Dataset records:
=======

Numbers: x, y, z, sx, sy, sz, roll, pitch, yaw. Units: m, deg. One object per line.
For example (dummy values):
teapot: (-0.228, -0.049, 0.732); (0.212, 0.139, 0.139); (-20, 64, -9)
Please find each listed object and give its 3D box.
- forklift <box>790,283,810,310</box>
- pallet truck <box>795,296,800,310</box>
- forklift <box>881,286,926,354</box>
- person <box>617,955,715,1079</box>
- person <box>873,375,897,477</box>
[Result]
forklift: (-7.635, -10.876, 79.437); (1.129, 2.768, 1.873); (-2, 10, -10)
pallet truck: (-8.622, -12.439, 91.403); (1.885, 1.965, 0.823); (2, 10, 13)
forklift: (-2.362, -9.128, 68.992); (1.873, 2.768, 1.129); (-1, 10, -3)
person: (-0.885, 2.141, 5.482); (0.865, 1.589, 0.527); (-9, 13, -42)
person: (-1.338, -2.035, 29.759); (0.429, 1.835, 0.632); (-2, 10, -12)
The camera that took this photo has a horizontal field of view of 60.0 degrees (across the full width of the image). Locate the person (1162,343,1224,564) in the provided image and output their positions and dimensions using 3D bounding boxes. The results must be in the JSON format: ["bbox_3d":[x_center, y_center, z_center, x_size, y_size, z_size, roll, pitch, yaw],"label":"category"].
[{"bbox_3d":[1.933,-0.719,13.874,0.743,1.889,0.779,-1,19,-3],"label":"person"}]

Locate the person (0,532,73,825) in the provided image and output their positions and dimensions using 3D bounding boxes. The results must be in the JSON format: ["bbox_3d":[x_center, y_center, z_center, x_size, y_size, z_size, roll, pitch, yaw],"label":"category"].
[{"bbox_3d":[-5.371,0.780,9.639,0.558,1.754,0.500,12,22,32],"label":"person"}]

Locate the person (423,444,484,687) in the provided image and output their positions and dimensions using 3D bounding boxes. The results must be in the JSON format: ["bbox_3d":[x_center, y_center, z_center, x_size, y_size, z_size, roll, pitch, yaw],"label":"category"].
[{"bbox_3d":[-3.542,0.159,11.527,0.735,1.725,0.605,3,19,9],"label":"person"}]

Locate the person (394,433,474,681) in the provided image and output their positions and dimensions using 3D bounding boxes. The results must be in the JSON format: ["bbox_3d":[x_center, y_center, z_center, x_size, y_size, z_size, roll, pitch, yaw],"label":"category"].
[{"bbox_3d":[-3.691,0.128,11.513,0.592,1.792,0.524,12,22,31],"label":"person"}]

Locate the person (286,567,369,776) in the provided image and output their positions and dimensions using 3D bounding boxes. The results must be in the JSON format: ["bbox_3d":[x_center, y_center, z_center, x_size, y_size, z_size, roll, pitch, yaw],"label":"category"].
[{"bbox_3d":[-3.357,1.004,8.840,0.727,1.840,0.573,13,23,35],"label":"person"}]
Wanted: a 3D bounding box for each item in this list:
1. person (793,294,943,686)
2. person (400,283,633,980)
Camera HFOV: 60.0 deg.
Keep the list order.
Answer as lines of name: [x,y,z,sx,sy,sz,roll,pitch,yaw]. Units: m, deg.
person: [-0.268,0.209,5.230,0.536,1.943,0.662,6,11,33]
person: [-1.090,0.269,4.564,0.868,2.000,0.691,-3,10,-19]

=======

Required action: Return the data in its entirety, exactly as given.

Response area:
Numbers: x, y, z, sx, sy, sz, roll, pitch, yaw. Units: m, deg. One object per line.
For example (dummy values):
teapot: (-0.228, -0.049, 0.732); (0.212, 0.139, 0.139); (-20, 64, -9)
Please find each listed object and give its 3D box.
- forklift <box>790,283,810,310</box>
- pallet truck <box>795,296,800,310</box>
- forklift <box>881,286,926,354</box>
- person <box>617,955,715,1079</box>
- person <box>873,375,897,477</box>
[Result]
forklift: (-7.635, -10.876, 79.437); (1.129, 2.768, 1.873); (-2, 10, -10)
pallet truck: (-8.622, -12.439, 91.403); (1.885, 1.965, 0.823); (2, 10, 13)
forklift: (-2.362, -9.128, 68.992); (1.873, 2.768, 1.129); (-1, 10, -3)
person: (-0.885, 2.141, 5.482); (0.865, 1.589, 0.527); (-9, 13, -42)
person: (-1.338, -2.035, 29.759); (0.429, 1.835, 0.632); (-2, 10, -12)
The camera that took this photo has a horizontal field of view of 60.0 degrees (across the full width of the image). Locate the person (1162,343,1224,564) in the provided image and output their positions and dimensions using 3D bounding boxes. The results must be in the JSON format: ["bbox_3d":[x_center, y_center, z_center, x_size, y_size, z_size, roll, pitch, yaw],"label":"category"].
[{"bbox_3d":[1.933,-0.719,13.874,0.743,1.889,0.779,-1,19,-3],"label":"person"}]

Locate the person (0,532,73,825) in the provided image and output their positions and dimensions using 3D bounding boxes. The results must be in the JSON format: ["bbox_3d":[x_center, y_center, z_center, x_size, y_size, z_size, roll, pitch, yaw],"label":"category"].
[{"bbox_3d":[-5.371,0.780,9.639,0.558,1.754,0.500,12,22,32],"label":"person"}]

Locate the person (423,444,484,687) in the provided image and output their positions and dimensions using 3D bounding boxes. The results must be in the JSON format: ["bbox_3d":[x_center, y_center, z_center, x_size, y_size, z_size, roll, pitch, yaw],"label":"category"].
[{"bbox_3d":[-3.542,0.159,11.527,0.735,1.725,0.605,3,19,9],"label":"person"}]

Locate the person (394,433,474,681) in the provided image and output their positions and dimensions using 3D bounding boxes. The results must be in the JSON format: ["bbox_3d":[x_center, y_center, z_center, x_size, y_size, z_size, roll, pitch, yaw],"label":"category"].
[{"bbox_3d":[-3.691,0.128,11.513,0.592,1.792,0.524,12,22,31],"label":"person"}]

Locate the person (286,567,369,776) in the provided image and output their positions and dimensions using 3D bounding boxes. The results must be in the JSON format: ["bbox_3d":[x_center, y_center, z_center, x_size, y_size, z_size, roll, pitch, yaw],"label":"category"].
[{"bbox_3d":[-3.357,1.004,8.840,0.727,1.840,0.573,13,23,35],"label":"person"}]
Wanted: a 3D bounding box for each item in this list:
1. person (793,294,943,686)
2. person (400,283,633,980)
Camera HFOV: 60.0 deg.
Keep the list order.
Answer as lines of name: [x,y,z,sx,sy,sz,roll,pitch,yaw]. Units: m, deg.
person: [-0.268,0.209,5.230,0.536,1.943,0.662,6,11,33]
person: [-1.090,0.269,4.564,0.868,2.000,0.691,-3,10,-19]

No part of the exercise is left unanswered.